Private auditors over about three years have recovered almost $700 million in Medicare overpayments to hospitals and other health care providers in six states as part of a recovery audit contractor program, the Wall Street Journal reports. Under the program, CMS pays auditors a portion of the amount of improper Medicare payments that they identify.

Auditors reviewed $317 billion in Medicare claims and found $1.03 billion in improper payments, most of which involved claims filed in New York, California and Florida. Medicare overpayments account for $992.7 million of the improper payments, and underpayments accounted for $38 million. The cost of the program amounted to about 20 cents per dollar, with $187.2 million paid to auditors. Providers appealed 14% of the alleged Medicare overpayments and successfully challenged about 4.6% of the overpayments.

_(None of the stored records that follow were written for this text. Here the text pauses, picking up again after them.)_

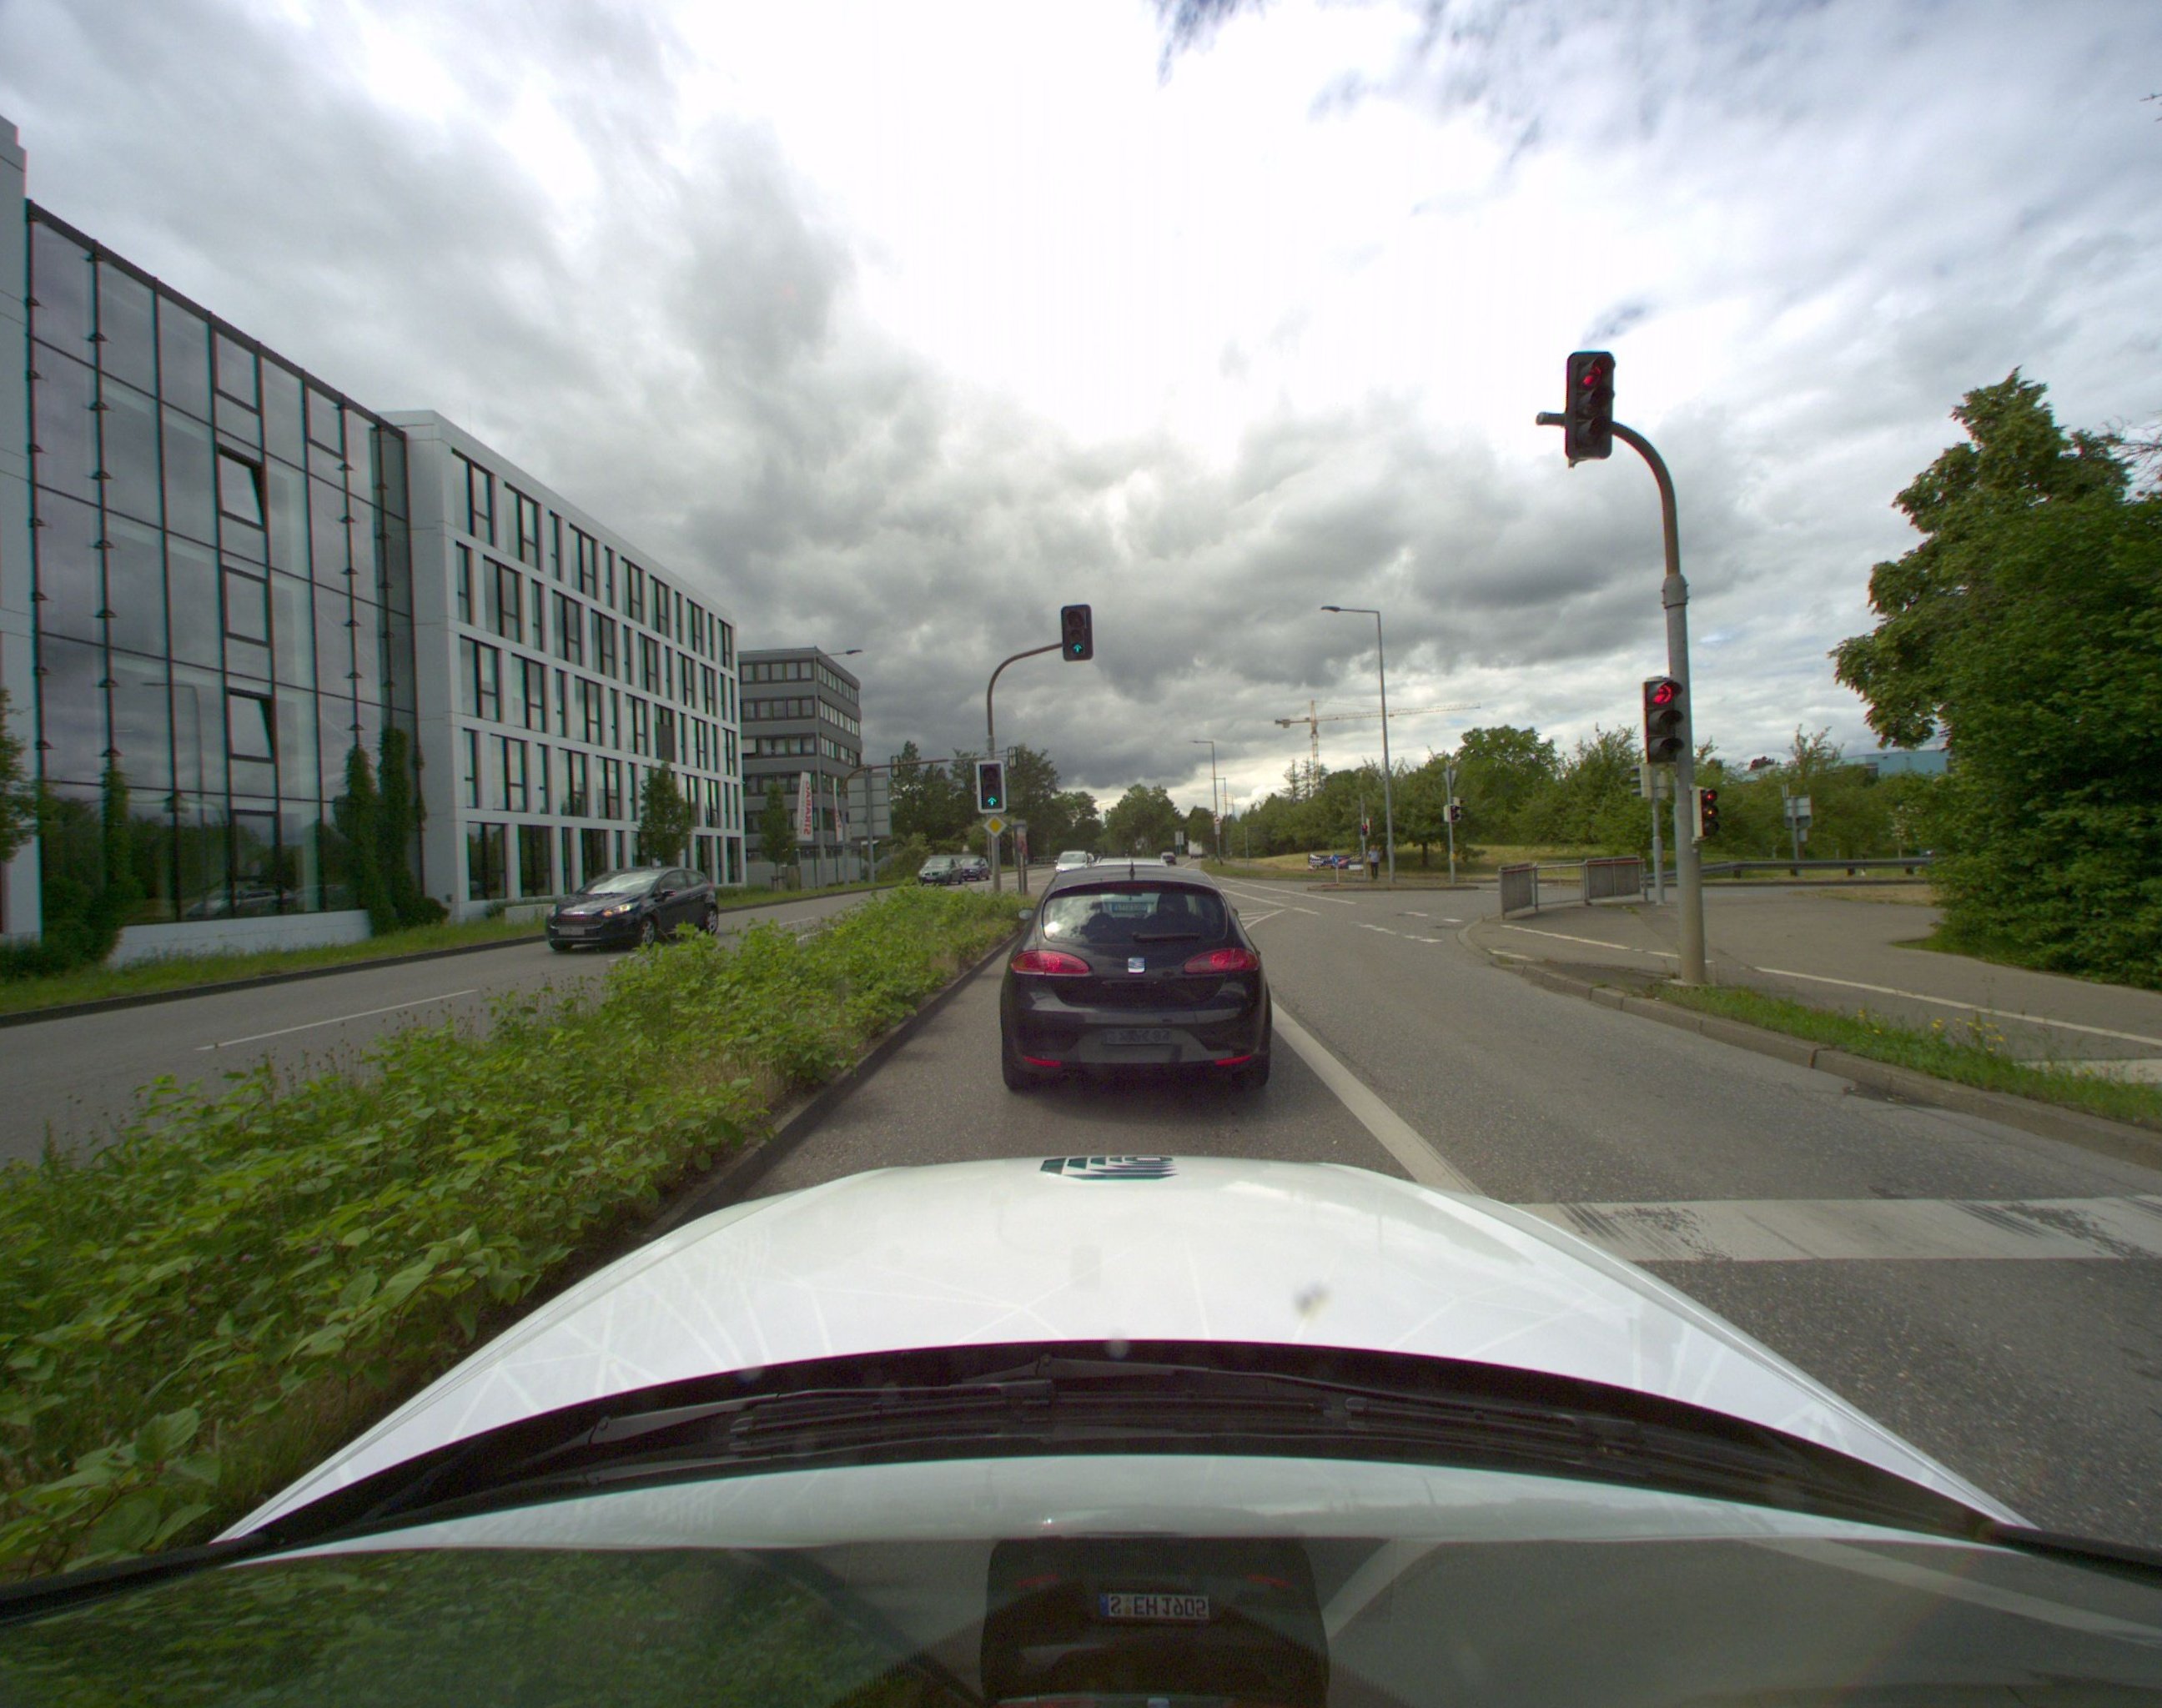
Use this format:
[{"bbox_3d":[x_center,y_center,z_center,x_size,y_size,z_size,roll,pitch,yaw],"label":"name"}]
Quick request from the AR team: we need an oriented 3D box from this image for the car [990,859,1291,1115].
[{"bbox_3d":[0.399,0.772,6.385,1.704,1.417,3.461,-1,0,2],"label":"car"}]

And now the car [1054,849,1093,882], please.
[{"bbox_3d":[-0.368,0.596,45.643,1.812,1.686,4.650,-1,0,4],"label":"car"}]

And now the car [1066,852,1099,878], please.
[{"bbox_3d":[0.144,0.649,51.678,1.652,1.518,4.091,-1,0,6],"label":"car"}]

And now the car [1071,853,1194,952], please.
[{"bbox_3d":[0.873,0.740,14.065,1.827,1.467,3.754,0,-1,3],"label":"car"}]

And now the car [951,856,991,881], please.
[{"bbox_3d":[-6.674,0.856,49.750,1.546,1.419,3.902,-1,0,5],"label":"car"}]

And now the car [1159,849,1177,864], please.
[{"bbox_3d":[9.753,0.251,91.725,1.984,1.565,4.478,-1,0,5],"label":"car"}]

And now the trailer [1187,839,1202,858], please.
[{"bbox_3d":[19.345,-0.851,138.460,2.477,3.073,5.600,-1,-1,9],"label":"trailer"}]

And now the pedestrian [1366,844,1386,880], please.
[{"bbox_3d":[15.077,0.405,41.630,0.714,1.793,1.045,-1,-1,5],"label":"pedestrian"}]

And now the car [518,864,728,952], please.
[{"bbox_3d":[-8.556,0.940,15.667,1.748,1.446,3.893,0,0,2],"label":"car"}]

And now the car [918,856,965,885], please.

Tim Hill, CFO and director of the Office of Financial Management at CMS, said, “All in all, we’re very happy with the results,” adding, “It returned a lot of money to the trust fund, particularly when you think that we’re talking about three states.”

The program has “drawn fire” from providers, “who call it overly aggressive and too confrontational,” the Journal reports. However, CMS has begun to expand the program nationwide. CMS plans to revise the program to require auditors to use clinically trained personnel to ensure that they evaluate medical necessity consistently with other agency operations and to communicate with providers about audits in more detail. In addition, CMS plans to add staff to oversee the program and allow providers to track audits (Francis, Wall Street Journal, 7/14).

Reprinted with kind permission from You can view the entire Kaiser Daily Health Policy Report, search the archives, or sign up for email delivery at The Kaiser Daily Health Policy Report is published for, a free service of The Henry J. Kaiser Family Foundation.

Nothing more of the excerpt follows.